## WORK ORDER
Write the data below out again in full, exactly as shown.

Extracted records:

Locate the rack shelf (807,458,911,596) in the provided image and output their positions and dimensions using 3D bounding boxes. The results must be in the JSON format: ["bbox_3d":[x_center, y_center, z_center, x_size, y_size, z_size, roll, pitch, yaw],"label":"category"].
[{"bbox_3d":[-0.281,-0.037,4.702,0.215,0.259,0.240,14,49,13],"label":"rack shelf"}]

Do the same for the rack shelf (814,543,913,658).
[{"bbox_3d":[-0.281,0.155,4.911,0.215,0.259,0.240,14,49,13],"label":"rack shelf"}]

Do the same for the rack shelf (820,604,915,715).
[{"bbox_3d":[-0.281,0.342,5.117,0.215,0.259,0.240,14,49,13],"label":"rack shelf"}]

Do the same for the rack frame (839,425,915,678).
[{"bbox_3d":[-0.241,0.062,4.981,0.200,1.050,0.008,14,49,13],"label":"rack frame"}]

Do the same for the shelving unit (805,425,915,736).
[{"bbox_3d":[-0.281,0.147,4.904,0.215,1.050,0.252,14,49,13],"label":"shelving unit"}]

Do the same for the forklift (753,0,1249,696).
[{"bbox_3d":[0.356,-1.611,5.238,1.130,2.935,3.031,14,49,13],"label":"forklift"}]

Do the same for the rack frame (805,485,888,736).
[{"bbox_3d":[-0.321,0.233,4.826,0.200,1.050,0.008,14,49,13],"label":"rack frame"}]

## ANSWER TO THE EXERCISE
Locate the rack shelf (807,458,911,596) in the provided image and output their positions and dimensions using 3D bounding boxes. The results must be in the JSON format: ["bbox_3d":[x_center, y_center, z_center, x_size, y_size, z_size, roll, pitch, yaw],"label":"category"].
[{"bbox_3d":[-0.281,-0.037,4.702,0.215,0.259,0.240,14,49,13],"label":"rack shelf"}]

Do the same for the rack shelf (814,543,913,658).
[{"bbox_3d":[-0.281,0.155,4.911,0.215,0.259,0.240,14,49,13],"label":"rack shelf"}]

Do the same for the rack shelf (820,604,915,715).
[{"bbox_3d":[-0.281,0.342,5.117,0.215,0.259,0.240,14,49,13],"label":"rack shelf"}]

Do the same for the rack frame (839,425,915,678).
[{"bbox_3d":[-0.241,0.062,4.981,0.200,1.050,0.008,14,49,13],"label":"rack frame"}]

Do the same for the shelving unit (805,425,915,736).
[{"bbox_3d":[-0.281,0.147,4.904,0.215,1.050,0.252,14,49,13],"label":"shelving unit"}]

Do the same for the forklift (753,0,1249,696).
[{"bbox_3d":[0.356,-1.611,5.238,1.130,2.935,3.031,14,49,13],"label":"forklift"}]

Do the same for the rack frame (805,485,888,736).
[{"bbox_3d":[-0.321,0.233,4.826,0.200,1.050,0.008,14,49,13],"label":"rack frame"}]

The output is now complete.